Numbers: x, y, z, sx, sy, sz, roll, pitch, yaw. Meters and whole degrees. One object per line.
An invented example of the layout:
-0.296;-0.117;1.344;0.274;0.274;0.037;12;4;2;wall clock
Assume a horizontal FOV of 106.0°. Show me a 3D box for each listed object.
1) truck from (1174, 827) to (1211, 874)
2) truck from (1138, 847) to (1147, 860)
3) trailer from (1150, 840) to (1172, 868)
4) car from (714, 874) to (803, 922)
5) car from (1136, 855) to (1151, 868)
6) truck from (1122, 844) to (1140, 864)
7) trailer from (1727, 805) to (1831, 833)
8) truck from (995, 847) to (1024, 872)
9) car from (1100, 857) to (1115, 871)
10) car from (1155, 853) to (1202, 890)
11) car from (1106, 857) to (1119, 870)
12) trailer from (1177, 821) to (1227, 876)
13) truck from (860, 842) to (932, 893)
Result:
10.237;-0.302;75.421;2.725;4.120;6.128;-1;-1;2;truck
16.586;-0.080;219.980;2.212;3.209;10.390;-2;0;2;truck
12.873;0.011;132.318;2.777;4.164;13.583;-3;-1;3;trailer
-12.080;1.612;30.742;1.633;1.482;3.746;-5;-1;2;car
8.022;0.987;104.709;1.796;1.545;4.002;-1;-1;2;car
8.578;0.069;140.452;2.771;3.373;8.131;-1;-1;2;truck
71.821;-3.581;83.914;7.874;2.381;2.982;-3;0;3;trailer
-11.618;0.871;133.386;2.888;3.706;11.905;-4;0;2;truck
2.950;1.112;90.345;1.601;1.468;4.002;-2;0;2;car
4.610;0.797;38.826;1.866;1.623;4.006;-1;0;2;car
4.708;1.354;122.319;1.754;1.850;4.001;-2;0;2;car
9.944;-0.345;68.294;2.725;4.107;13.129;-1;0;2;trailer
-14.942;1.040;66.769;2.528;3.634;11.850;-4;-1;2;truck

▸ **AIM OF THE TASK**
Search the data for "object". Copy every line that has it.

▸ **RESULT OF THIS EXERCISE**
Numbers: x, y, z, sx, sy, sz, roll, pitch, yaw. Meters and whole degrees. One object per line.
Assume a horizontal FOV of 106.0°. Show me a 3D box for each listed object.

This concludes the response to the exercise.